In fact, faced with the popularity of CPAPs, which can cost $400 to
$800, and their need for replacement filters, face masks and hoses,
health insurers have deployed a host of tactics that can make the
therapy more expensive or even price it out of reach.
Patients have been required to rent CPAPs at rates that total much
more than the retail price of the devices, or they’ve discovered that
the supplies would be substantially cheaper if they didn’t have
insurance at all.
Experts who study health care costs say insurers’ CPAP strategies are
part of the industry’s playbook of shifting the costs of widely used
therapies, devices and tests to unsuspecting patients.

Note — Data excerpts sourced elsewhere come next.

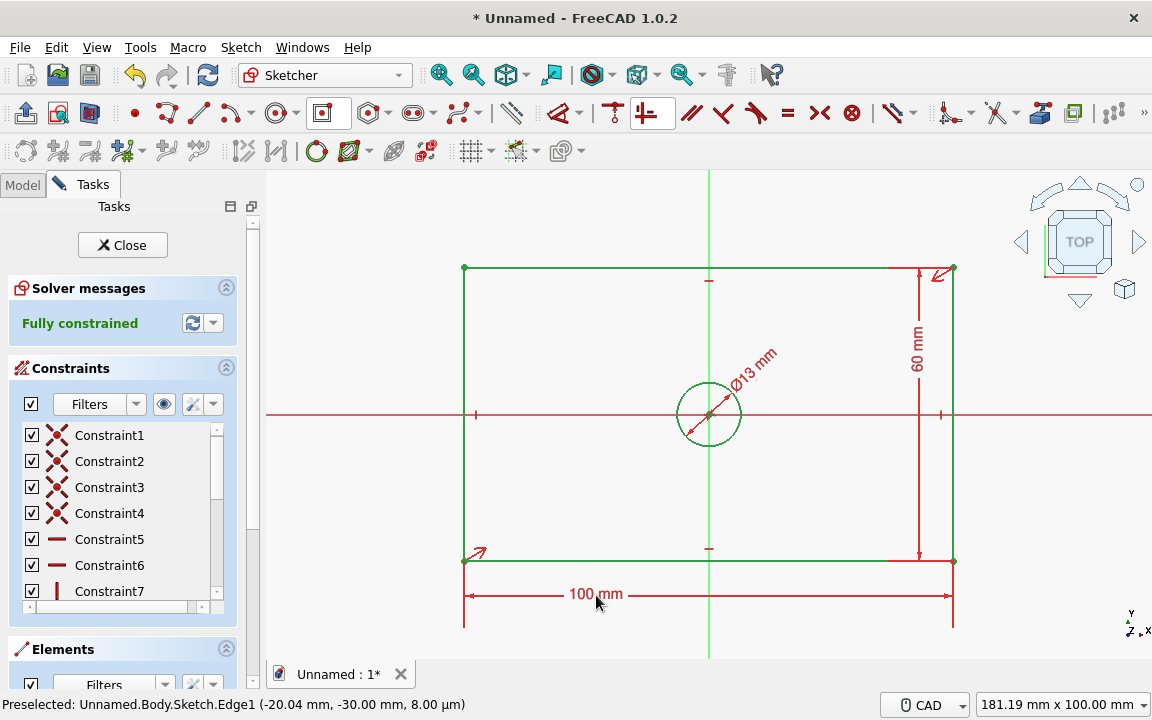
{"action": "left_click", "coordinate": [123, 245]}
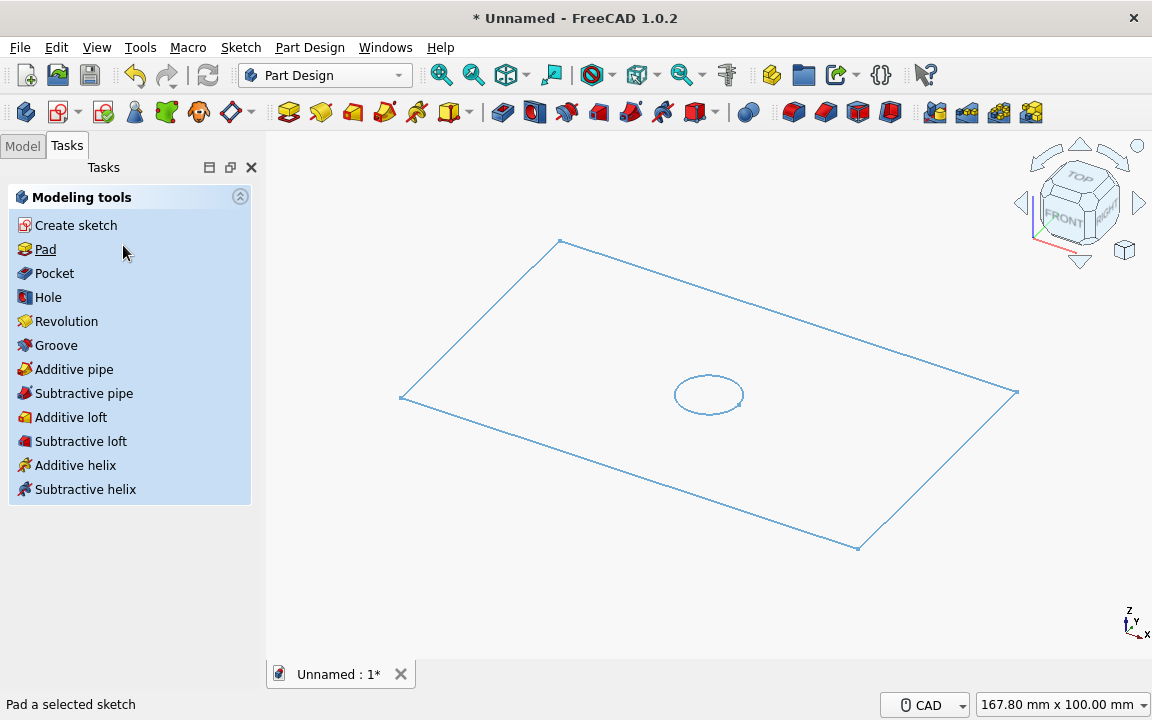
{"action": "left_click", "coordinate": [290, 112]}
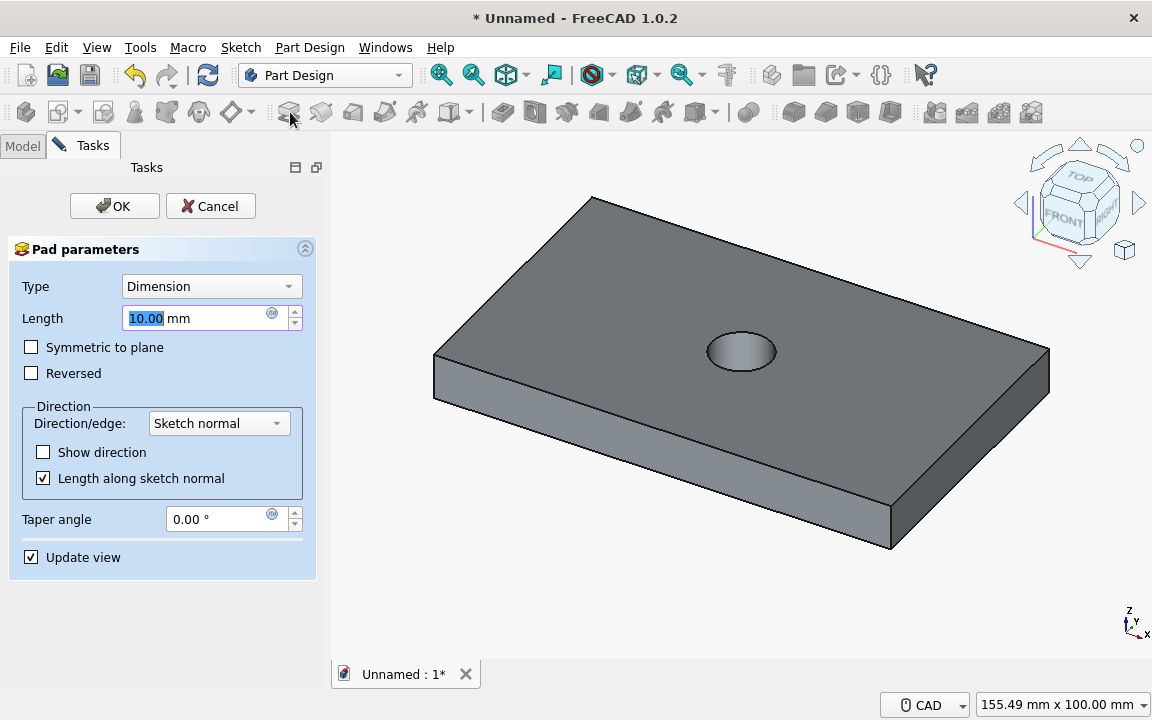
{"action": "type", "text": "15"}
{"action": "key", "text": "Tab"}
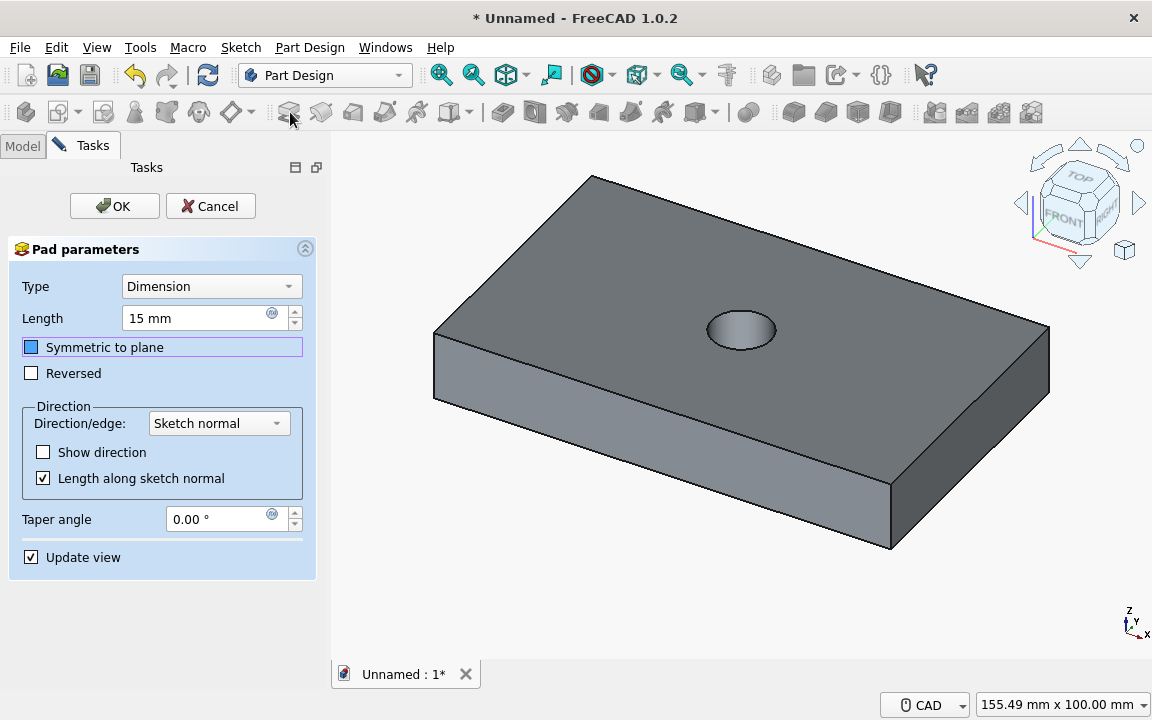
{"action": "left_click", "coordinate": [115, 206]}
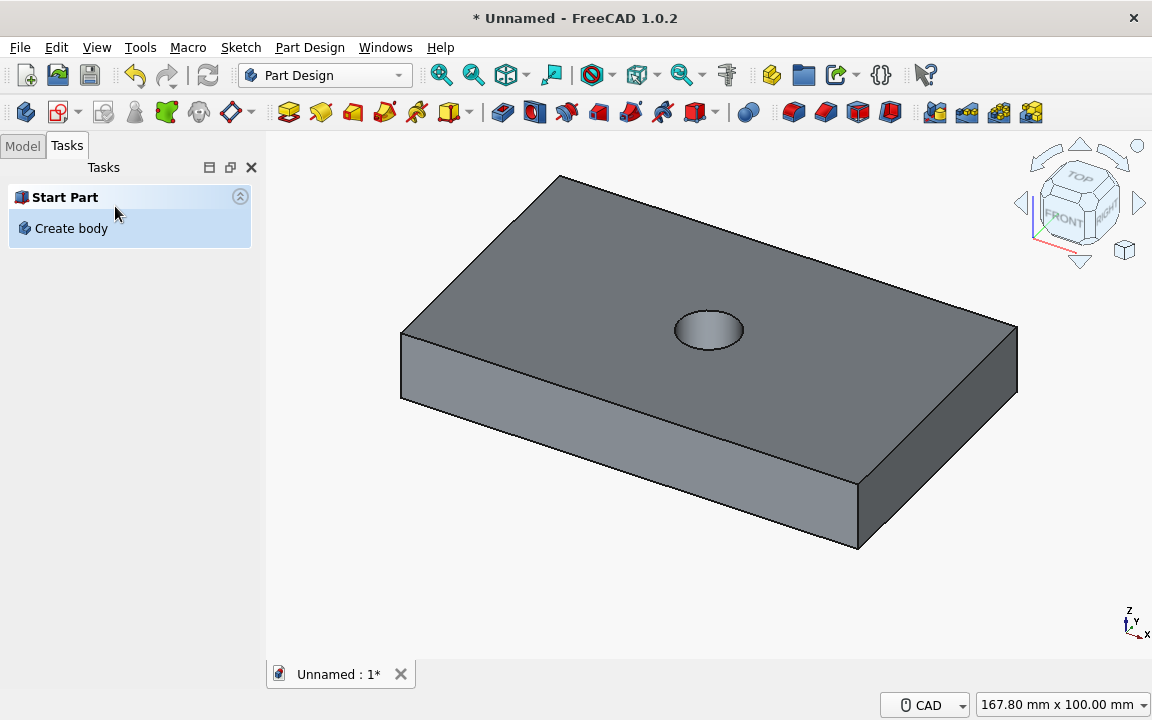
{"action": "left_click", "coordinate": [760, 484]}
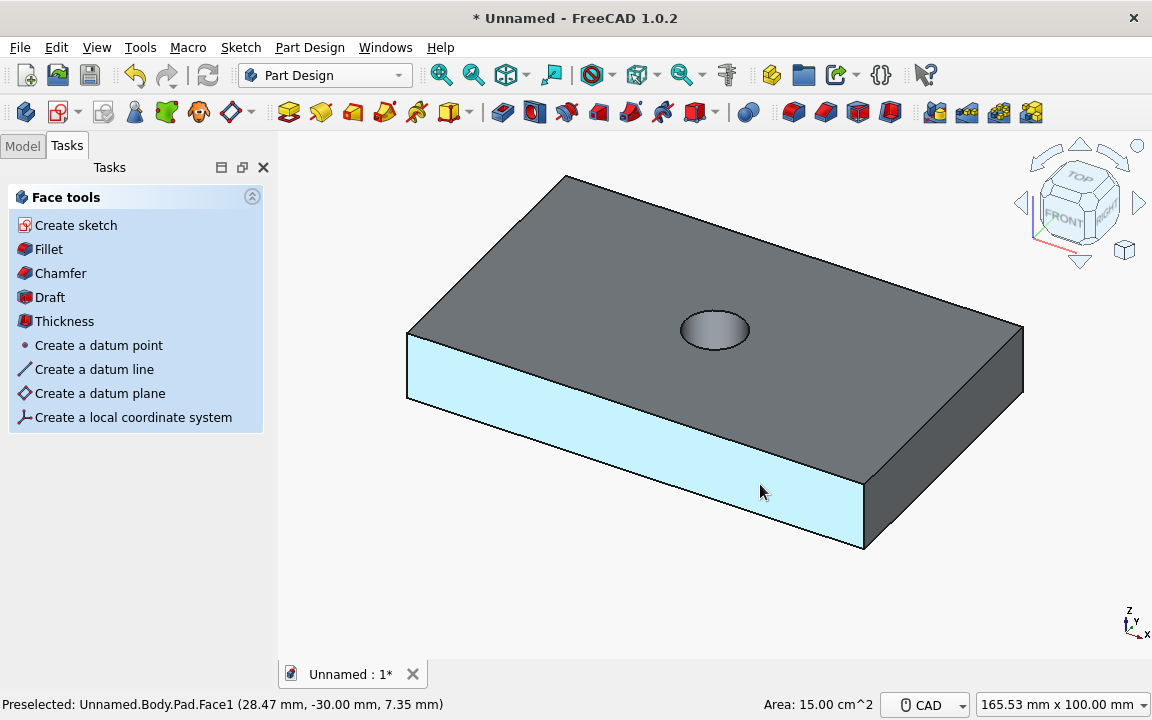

“The doctors and providers are not in control of medicine anymore,”
said Harry Lawrence, owner of Advanced Oxy-Med Services, a New York
company that provides CPAP supplies. “It’s strictly the insurance
companies. They call the shots.”
Insurers say their concerns are legitimate. The masks and hoses can be
cumbersome and noisy, and studies show that about third of patients
don’t use their CPAPs as directed.
But the companies’ practices have spawned lawsuits and concerns by some
doctors who say that policies that restrict access to the machines could
have serious, or even deadly, consequences for patients with severe
conditions. And privacy experts worry that data collected by insurers
could be used to discriminate against patients or raise their costs.
Schmidt’s privacy concerns began the day after he registered his new
CPAP unit with ResMed, its manufacturer. He opted out of receiving any
further information. But he had barely wiped the sleep out of his eyes
the next morning when a peppy email arrived in his inbox. It was ResMed,
praising him for completing his first night of therapy.
“Congratulations! You’ve earned yourself a badge!” the email said.
Then came this exchange with his supply company, Medigy: Schmidt had
emailed the company to praise the “professional, kind, efficient and
competent” technician who set up the device. A Medigy representative
wrote back, thanking him, then adding that Schmidt’s machine “is doing a
great job keeping your airway open.” A report detailing Schmidt’s usage
was attached.
Alarmed, Schmidt complained to Medigy and learned his data was also
being shared with his insurer, Blue Cross Blue Shield. He’d known his
old machine had tracked his sleep because he’d taken its removable data
card to his doctor. But this new invasion of privacy felt different. Was
the data encrypted to protect his privacy as it was transmitted? What
else were they doing with his personal information?
He filed complaints with the Better Business Bureau and the federal
government to no avail. “My doctor is the ONLY one that has permission
to have my data,” he wrote in one complaint.
In an email, a Blue Cross Blue Shield spokesperson said that it’s
standard practice for insurers to monitor sleep apnea patients and deny
payment if they aren’t using the machine. And privacy experts said that
sharing the data with insurance companies is allowed under federal
privacy laws. A ResMed representative said once patients have given
consent, it may share the data it gathers, which is encrypted, with the
patients’ doctors, insurers and supply companies.
Schmidt returned the new CPAP machine and went back to a model that
allowed him to use a removable data card. His doctor can verify his
compliance, he said.
Luke Petty, the operations manager for Medigy, said a lot of CPAP users
direct their ire at companies like his. The complaints online number in
the thousands. But insurance companies set the prices and make the
rules, he said, and suppliers follow them, so they can get paid.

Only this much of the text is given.